继续着与网球有关的,如乾,如柳,如切原,如忍足,如白石。
更多更多的人选择了平凡。
曾经的张狂少年变成过去,一挥手百年身,人在沧海,身世浮沉。
参加白央杯的我见识到了人外有人,天外有天,最终没有实现雪与明叔的梦想,黯然退场。
也从此退出了网球的世界,回到日本继续做学生,过着平淡的生活。
日子一天天的过,转眼间已有十年。
平凡吗?是的,我非常平凡,可是,哪有人没有一段辉煌岁月?我的平凡只是比不上我的辉煌罢了。
最终,我与幸村分了手,与手冢断了联系,再也没有见过迹部。
最终,周助放弃了网球,放弃了摄影,再也未曾联系过关心的越前。
残酷,却也真实。
那一天,我与他在院子里和梅酒,却不知怎的喝的酩酊大醉,两个人倒在院子里,以天为被,以地为床。
我狂笑:“周助从此我们相依为命吧!”
周助亦狂笑:“果然血缘才是最好的东西!”
我在靠近青学的地方买下了一个院子,很近,很熟悉,前院有一个小亭,小亭挂着一口大钟,后院有一个土制的网球场。
我瞪着院子,对周助说:“我怎么越看越觉得熟呢?”
周助娴熟的敲了我一下,道:“怎么搞的,这是以前越前的家呢,当年越前南次郎还把我们在院子里一顿痛打呢!”
哦……想起来了,我哼哼一笑:“那我们不也烧了他两箱'哗——'杂志吗?”
我们二人相视而笑,说不出的得意。
可是后来,眉眼尽敛,有些说不出的悲凉。
这曾经是越前的家……呢……
可是,越前的家在美国,越前从来就未属于过我们。
只是昙花一现。
周助问我:“那为什么要来日本呢,法国不是你的家吗?”
我笑:“那也许是——日本有着更多的熟悉感吧!”
于是二人在此住下。
年年过新年,过夏祭,穿和服,写加油的字帖。
不时有张扬的学生向我们借用场地,我挑着眉呵呵一笑,挥手答应了,下一秒他们便被周助用三重回击踢了出去。
周助微笑着,却故意板着脸,道:“青学真是越来越不对味了,这群小孩还MADAMADADANE!”
我推了他一把:“滚吧,你这只万年腹黑熊!”
日子就这么过着,平凡却快乐。
然后就在某一天,桃花盛开,烟云返霰,我与周助在球场上对战,笑着笑着,突然两眼一翻昏了过去。

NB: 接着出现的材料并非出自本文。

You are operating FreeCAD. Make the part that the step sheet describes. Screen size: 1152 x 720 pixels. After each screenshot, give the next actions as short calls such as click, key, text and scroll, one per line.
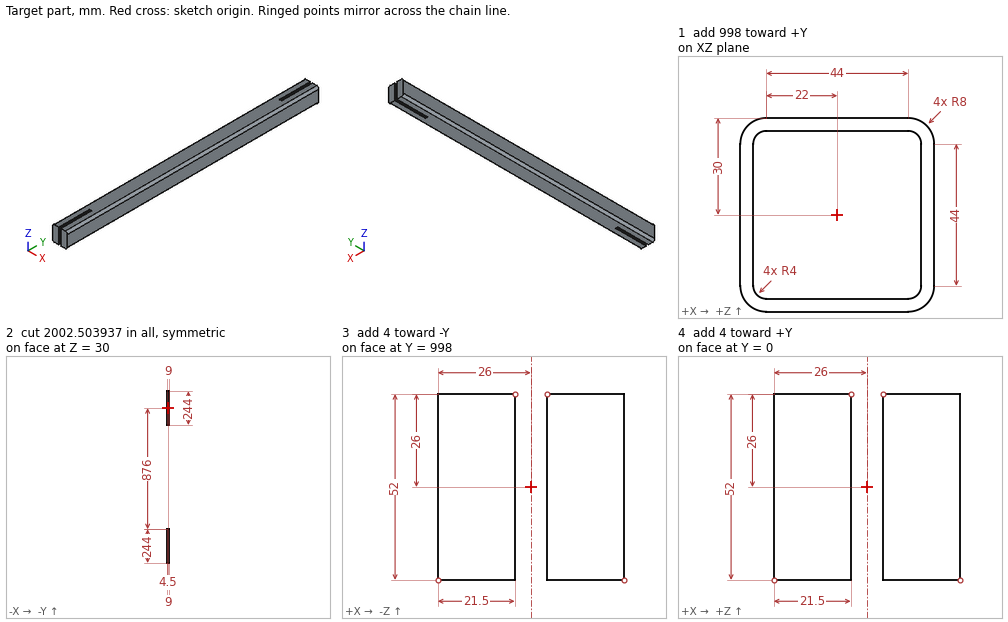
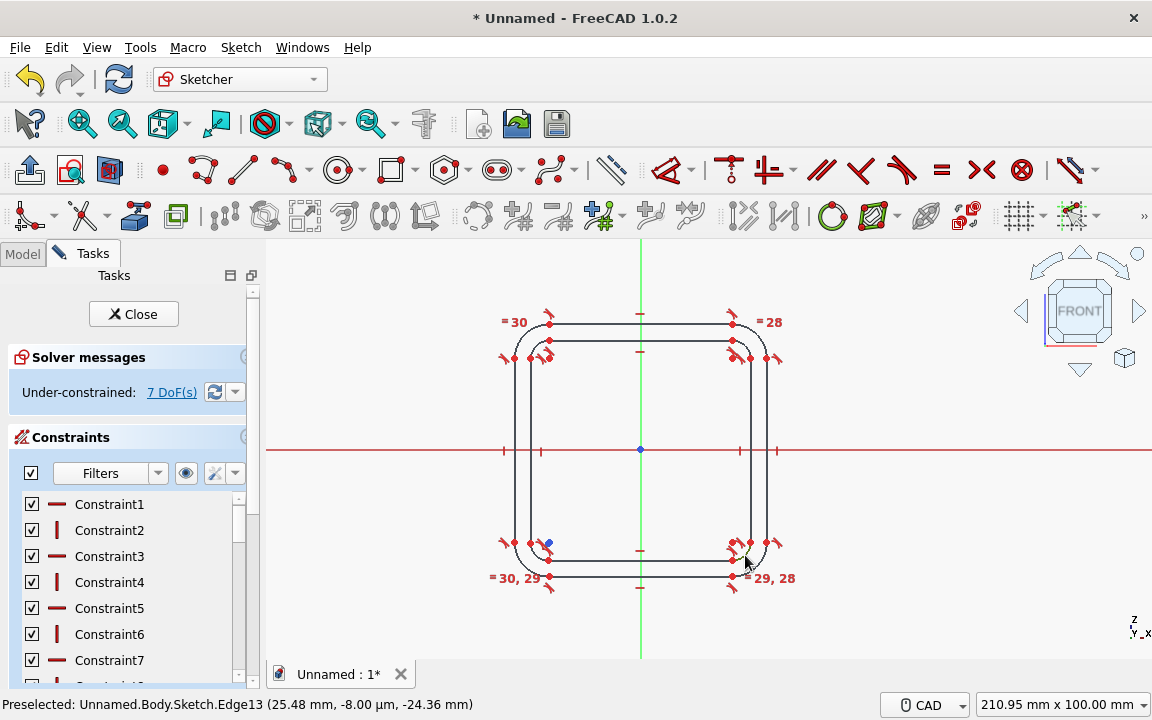
click(536, 556)

听说当年幸村也是这样,某天黄昏,与真田打着球,突然拍子摔了,人弯腰去捡,却一头栽倒在地,不省人事。
醒来时被告知得了“急性神经根炎”
急性神经根炎,恐怖的疾病,治愈率不到30%。
那段时期,是立海大的黑暗,失去了部长,而他自己,也开始了一个人艰苦的战斗。
直至胜利。因为强烈的信念——活下去。
所以说我比幸村还要糟糕。
我微笑的对周助道:“看来我的记忆还不错,依然记得十年前的东西。”
周助哼了一声。
命运巧合,我与当年的幸村得的是同一种毛病。
可是,与他不同,我的身边,陪伴着一个人。
于是,艰苦的治疗开始了。
生命在单调的生活里变得很无聊。
面无表情的吃饭、吃药、隔着窗户向外看、去阳台上走一走,除此以外,躺在病床上,什么事情都不能干。
25岁,是老了吗?
我闭上眼睛,脑海里清清楚楚浮现着从儿时到现在的回忆。
精彩的人生……
童年,不算;成年,亦不算。
童年的我,受过太多的不安与委屈,现在想来,只是灰暗一片;而成年后的人生,没有太多的精彩,变得黯淡无光,朦朦胧胧的什么也看不清楚。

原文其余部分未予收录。